Here, because this is the ASCII representation of the base35, we have an array of characters, which we combine to string with join. I could see this being done with concatenation – `my \$base =''; \$base .= \$base35[\$d]; return \$base`, but eh, it is written.

`93 = 2 * 35 + 23`, and our hash table tells me that `"N" : 23`, so that checks out, but we want to reverse it.

``````sub back35 ( \$base ) {
# tests and adjustments should happen here
# like making uppercase and ensuring Z and
# non-ASCII and non-alphabet characters don't
# get through.
# Pay no attention to the man behind the curtain!
my @base = split //, \$base; # I find 'pop' easier than 'substr'
my \$c    = 0;
my \$h    = 0;
do {
my \$d = pop @base;
my \$e = \$base35{\$d};
my \$f = 35**\$c;
my \$g = \$e * \$f;
\$h += \$g;
\$c++;
} while scalar @base;
return \$h;
}
say back35('2N');
# 93
``````

`\$c`? `\$d`? `\$f`? Nice descriptive variable names, Dave.
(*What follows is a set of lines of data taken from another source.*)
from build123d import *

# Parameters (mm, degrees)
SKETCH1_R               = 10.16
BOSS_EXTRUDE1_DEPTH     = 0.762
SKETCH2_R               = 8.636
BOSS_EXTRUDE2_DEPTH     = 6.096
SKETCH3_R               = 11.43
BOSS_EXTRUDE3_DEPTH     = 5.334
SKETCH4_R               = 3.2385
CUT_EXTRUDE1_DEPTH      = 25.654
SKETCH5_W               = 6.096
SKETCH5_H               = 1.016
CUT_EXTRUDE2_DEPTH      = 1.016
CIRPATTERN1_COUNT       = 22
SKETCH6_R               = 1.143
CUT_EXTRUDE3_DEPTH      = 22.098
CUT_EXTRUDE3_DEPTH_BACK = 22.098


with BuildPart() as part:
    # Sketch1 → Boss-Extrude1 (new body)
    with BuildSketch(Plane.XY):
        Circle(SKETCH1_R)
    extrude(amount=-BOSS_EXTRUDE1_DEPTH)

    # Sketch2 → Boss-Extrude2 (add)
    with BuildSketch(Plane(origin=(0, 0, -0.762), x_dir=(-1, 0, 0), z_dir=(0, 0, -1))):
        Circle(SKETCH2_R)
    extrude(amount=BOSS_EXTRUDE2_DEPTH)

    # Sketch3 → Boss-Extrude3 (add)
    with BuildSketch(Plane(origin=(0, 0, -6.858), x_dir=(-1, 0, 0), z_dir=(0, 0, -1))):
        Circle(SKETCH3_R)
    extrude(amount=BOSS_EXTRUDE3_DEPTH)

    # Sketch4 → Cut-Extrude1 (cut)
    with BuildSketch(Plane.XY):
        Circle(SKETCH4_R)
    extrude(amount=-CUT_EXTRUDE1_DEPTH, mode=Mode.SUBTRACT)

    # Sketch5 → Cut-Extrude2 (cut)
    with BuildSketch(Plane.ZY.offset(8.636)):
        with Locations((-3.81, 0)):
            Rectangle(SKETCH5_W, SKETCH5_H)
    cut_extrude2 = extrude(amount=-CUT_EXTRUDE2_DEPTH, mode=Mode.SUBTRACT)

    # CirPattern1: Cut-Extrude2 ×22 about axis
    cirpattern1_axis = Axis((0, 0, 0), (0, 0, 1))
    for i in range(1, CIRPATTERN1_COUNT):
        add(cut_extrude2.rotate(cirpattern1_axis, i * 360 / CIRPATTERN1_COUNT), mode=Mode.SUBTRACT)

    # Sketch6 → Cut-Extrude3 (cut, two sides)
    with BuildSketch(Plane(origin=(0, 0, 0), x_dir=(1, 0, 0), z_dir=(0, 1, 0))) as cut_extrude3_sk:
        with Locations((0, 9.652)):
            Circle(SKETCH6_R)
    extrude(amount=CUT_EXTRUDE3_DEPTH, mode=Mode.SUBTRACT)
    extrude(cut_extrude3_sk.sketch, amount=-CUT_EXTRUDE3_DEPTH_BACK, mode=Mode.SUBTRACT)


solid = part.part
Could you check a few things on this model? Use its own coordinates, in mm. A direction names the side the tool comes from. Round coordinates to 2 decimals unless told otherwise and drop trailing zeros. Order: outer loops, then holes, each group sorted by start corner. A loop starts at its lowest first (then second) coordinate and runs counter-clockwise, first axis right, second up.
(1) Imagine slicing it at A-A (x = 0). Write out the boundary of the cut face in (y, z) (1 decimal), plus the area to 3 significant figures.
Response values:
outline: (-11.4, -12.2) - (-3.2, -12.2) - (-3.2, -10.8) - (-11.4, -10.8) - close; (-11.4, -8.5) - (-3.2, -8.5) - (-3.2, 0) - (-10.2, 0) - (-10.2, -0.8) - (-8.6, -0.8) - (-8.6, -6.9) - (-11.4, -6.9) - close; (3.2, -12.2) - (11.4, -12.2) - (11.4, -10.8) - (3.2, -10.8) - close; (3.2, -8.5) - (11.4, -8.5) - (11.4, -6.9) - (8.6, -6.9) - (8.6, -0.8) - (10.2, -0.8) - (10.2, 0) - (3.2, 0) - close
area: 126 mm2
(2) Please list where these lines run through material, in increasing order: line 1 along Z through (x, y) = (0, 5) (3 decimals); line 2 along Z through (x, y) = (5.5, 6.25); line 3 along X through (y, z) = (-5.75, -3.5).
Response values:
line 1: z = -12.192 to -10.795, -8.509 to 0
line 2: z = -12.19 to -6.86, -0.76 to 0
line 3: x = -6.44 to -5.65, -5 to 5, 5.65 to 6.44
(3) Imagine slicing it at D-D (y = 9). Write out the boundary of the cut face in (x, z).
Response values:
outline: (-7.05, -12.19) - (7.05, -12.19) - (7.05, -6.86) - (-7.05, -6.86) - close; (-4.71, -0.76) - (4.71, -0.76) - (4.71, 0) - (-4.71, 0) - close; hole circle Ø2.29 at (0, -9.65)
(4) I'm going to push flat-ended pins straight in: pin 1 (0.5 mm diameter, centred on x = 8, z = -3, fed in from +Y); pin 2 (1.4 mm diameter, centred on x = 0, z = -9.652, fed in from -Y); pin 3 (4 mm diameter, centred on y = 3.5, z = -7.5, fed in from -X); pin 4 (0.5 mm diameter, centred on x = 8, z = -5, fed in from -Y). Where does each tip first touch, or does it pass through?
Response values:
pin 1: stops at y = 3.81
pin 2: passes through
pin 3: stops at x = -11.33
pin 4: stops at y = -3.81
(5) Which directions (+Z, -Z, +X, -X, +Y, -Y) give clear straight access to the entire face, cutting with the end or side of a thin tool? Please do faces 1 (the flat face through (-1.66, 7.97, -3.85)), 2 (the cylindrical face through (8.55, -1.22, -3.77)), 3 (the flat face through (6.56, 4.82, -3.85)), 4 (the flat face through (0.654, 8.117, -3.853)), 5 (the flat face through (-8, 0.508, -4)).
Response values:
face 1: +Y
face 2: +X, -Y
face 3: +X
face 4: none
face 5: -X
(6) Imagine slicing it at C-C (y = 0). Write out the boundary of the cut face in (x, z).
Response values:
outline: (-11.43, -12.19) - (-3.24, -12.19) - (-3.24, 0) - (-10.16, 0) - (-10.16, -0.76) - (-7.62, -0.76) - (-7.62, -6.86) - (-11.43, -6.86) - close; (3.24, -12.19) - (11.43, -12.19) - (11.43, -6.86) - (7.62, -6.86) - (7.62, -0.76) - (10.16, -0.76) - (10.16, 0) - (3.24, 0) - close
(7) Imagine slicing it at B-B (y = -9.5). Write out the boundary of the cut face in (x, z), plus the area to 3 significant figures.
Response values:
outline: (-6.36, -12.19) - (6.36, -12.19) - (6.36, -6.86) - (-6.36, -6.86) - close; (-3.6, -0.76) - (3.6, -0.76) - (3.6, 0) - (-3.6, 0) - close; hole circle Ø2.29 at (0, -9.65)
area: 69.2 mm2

Good job.

`\$c` indicates how deep we are. Given the base35 number `PERL`, we would start with `L`, which is the zeroth number. Here we get to the implementation detail which is that 35 to the 0th power is `1`, and so `L == 1 * 21 == 21`. Go on to `R`, and there we go `R0 == 27 * 35 ** 2 == 27 * 35 == 945`, to which we add `21` to get `RL == 966`.

So, within the loop:

• pull the lowest digit/character
• use the hash to find the numeric value
• use `\$c` to find out the multiplier
• multiply the digit with the multiplier
• add the result to the return value

(With the mention of iterators, I should mention I could’ve iterated `\$c` when I assigned the multiplier to `\$f`, but I didn’t. This isn’t golf; this is okay.)

And here we find that `PERL` in Base35 is 1089991.

And clearly, it would be reasonably easy to write `to_base(\$number,\$base)` and `from_base(\$string,\$base)` by just changing out hard-coded values, but we run out of letters after base36.